▶ **WORK ITEM**:
Make an exact copy of the records below, leaving every image out.

▶ **LISTED ENTRIES**:
....

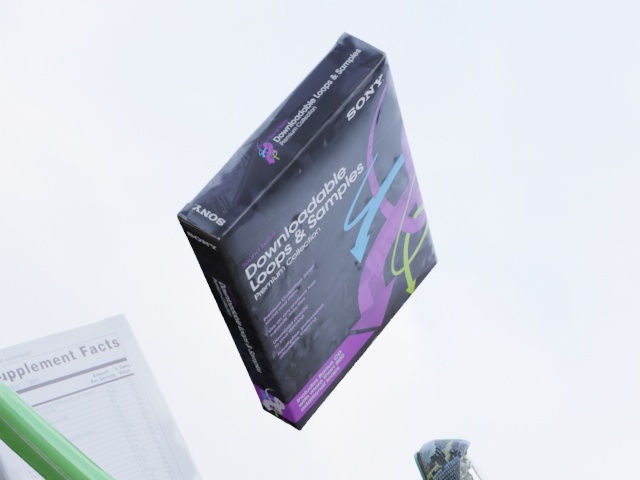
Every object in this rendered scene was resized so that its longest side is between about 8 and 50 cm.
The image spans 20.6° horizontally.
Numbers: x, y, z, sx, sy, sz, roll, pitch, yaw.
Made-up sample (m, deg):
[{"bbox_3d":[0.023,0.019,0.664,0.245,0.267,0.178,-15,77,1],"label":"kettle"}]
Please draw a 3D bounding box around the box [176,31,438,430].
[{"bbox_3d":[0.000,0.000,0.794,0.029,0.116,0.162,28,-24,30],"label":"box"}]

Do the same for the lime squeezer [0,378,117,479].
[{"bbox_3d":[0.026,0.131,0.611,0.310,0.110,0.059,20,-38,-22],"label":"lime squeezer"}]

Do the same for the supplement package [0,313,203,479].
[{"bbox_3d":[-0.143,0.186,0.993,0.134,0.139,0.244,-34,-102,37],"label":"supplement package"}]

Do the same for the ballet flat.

....

▶ **REPLY TO THE TASK**:
Every object in this rendered scene was resized so that its longest side is between about 8 and 50 cm.
The image spans 20.6° horizontally.
Numbers: x, y, z, sx, sy, sz, roll, pitch, yaw.
Made-up sample (m, deg):
[{"bbox_3d":[0.023,0.019,0.664,0.245,0.267,0.178,-15,77,1],"label":"kettle"}]
Please draw a 3D bounding box around the box [176,31,438,430].
[{"bbox_3d":[0.000,0.000,0.794,0.029,0.116,0.162,28,-24,30],"label":"box"}]

Do the same for the lime squeezer [0,378,117,479].
[{"bbox_3d":[0.026,0.131,0.611,0.310,0.110,0.059,20,-38,-22],"label":"lime squeezer"}]

Do the same for the supplement package [0,313,203,479].
[{"bbox_3d":[-0.143,0.186,0.993,0.134,0.139,0.244,-34,-102,37],"label":"supplement package"}]

Do the same for the ballet flat.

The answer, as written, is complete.